In this research, we chose three DES methods, including KNE [43], KNU [43] and DESKNN [44] to test the proposed HMCBCG model. We considered several configurations k_max =2,3,4,5 and the classifier generation that only uses bagging, which is recorded as NON in the experimental results. The experiment considered three data division methods of 70-30, 60-40 training-test divisions and 5-fold cross-validation. Naive bayesian [45], decision tree (DT) [46], KNN [47] and RF [48] are selected as base classifiers to train with bagging. We set the number of each type of base classifier to 10, that is, a total of 40 base classifiers are trained by bagging. In addition, the GA operators use tournament selection, uniform crossover and flipbit mutation. Set the crossover probability to 0.8 and the mutation probability to 0.1. The population size is 50 and the number of iterations is 30.

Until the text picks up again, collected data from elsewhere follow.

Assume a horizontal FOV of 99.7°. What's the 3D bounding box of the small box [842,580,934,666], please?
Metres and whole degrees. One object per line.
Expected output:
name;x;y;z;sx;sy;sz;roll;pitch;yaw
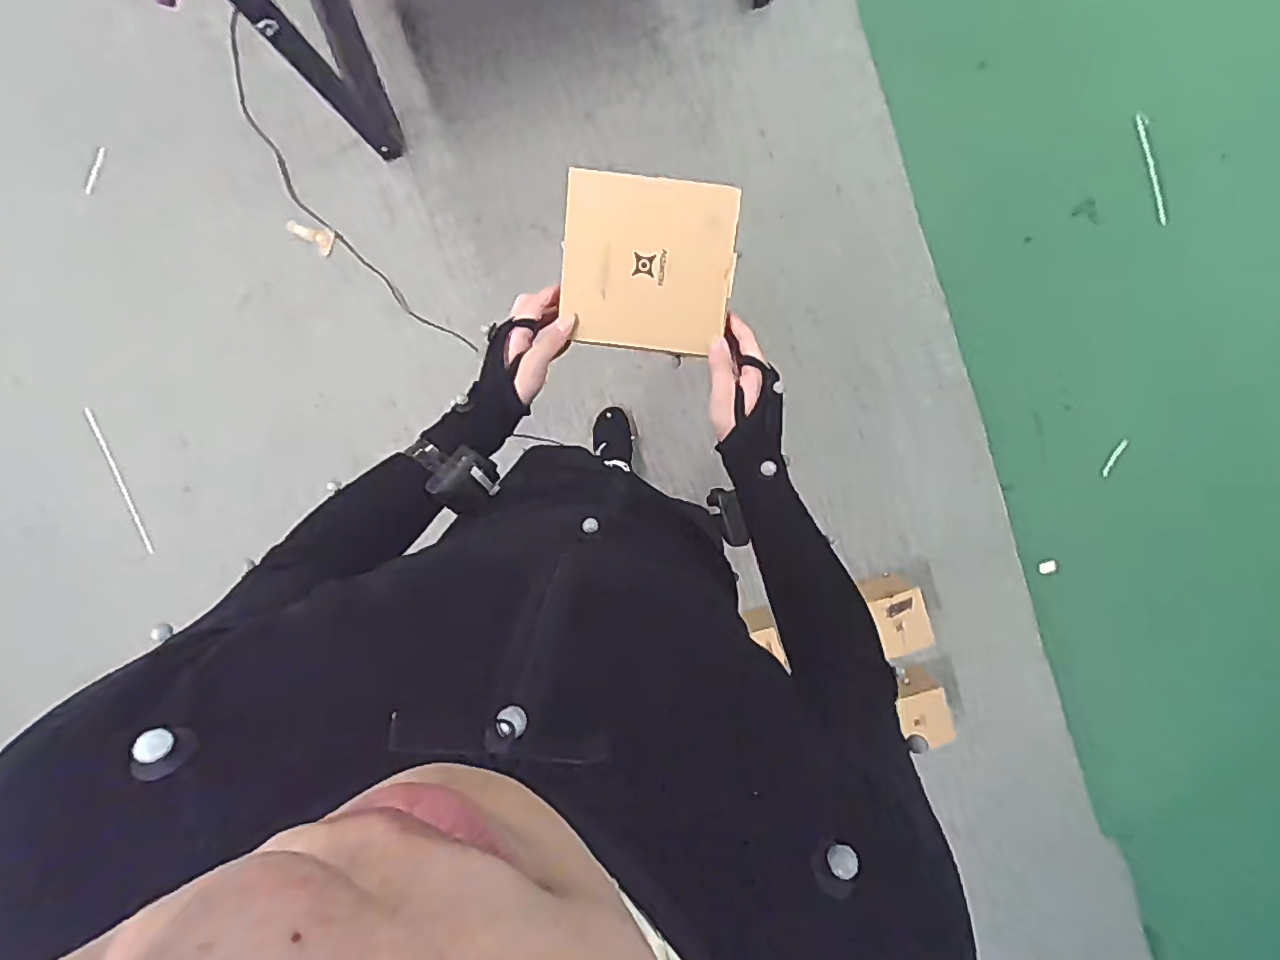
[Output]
small box;0.710;0.403;1.565;0.168;0.176;0.179;-18;95;2

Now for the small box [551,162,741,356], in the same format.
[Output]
small box;0.005;-0.236;0.618;0.179;0.176;0.168;7;102;0

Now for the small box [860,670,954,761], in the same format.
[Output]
small box;0.779;0.683;1.589;0.179;0.176;0.168;-16;95;1
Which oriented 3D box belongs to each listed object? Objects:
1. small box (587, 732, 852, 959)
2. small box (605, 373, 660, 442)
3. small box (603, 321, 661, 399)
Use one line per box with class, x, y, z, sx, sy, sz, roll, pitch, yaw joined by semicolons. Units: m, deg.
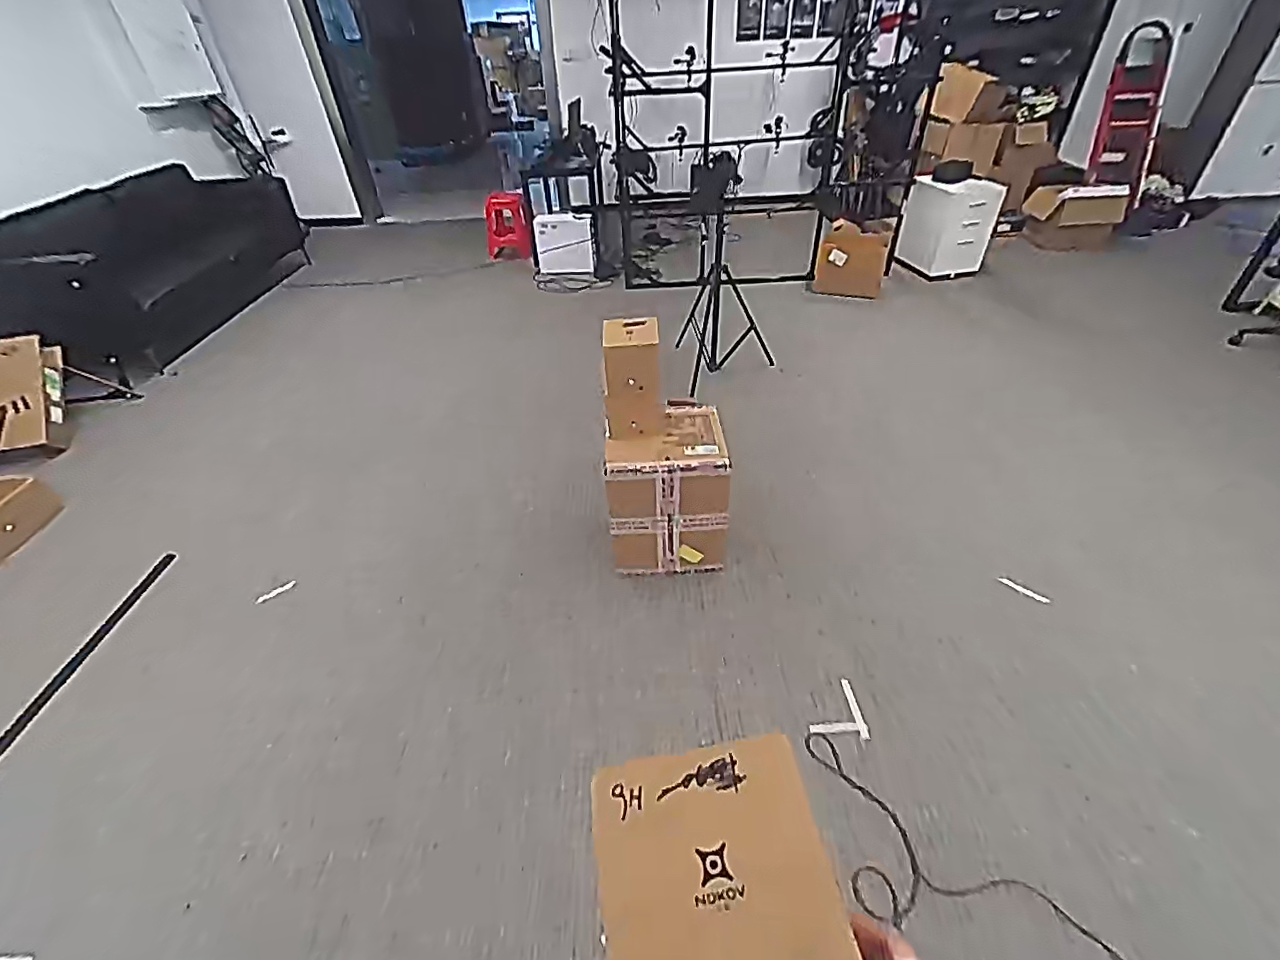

We also compared our combined DES method with several advanced algorithms, including GBDT [49], SVM, RF, LR [50] and XGBoost [51]. In this study, all the computations are performed on a Python 3.6 platform on a Windows 10 system with Intel Core i5 (1.6 GHz, 8 CPUs) with 8 GB of RAM. The results of this study are the average performance after repeating the experiment 10 times.

4.2. Performance metrics

In this research, we choose accuracy, G-mean, F1 and AUC as the evaluation indicators, which are widely used in the performance evaluation of algorithms on imbalanced data. They can be defined according to the confusion matrix in Table 2 . Accuracy, G-mean and F1 are shown as follows:

A c c u r a c y = \frac{T P + T N}{T P + T N + F P + F N}

(7)

G - m e a n = \sqrt{s e n s i t i v i t y \times s p e c i f i c i t y} = \sqrt{\frac{T P}{T P + F N} \times \frac{T N}{T N + F P}}

(8)

F 1 = \frac{2 * p r e c i s i o n * r e c a l l}{r e c a l l + p r e c i s i o n}

(9)

Table 2.

Confusion matrix.

	Actual Positive	Actual Negative
Predicted Positive	TP	FP
Predicted Negative	FN	TN

Open in a new tab

where $p r e c i s i o n = \frac{T P}{T P + F P}$ , $r e c a l l = s e n s i t i v i t y = \frac{T P}{T P + F N}$ .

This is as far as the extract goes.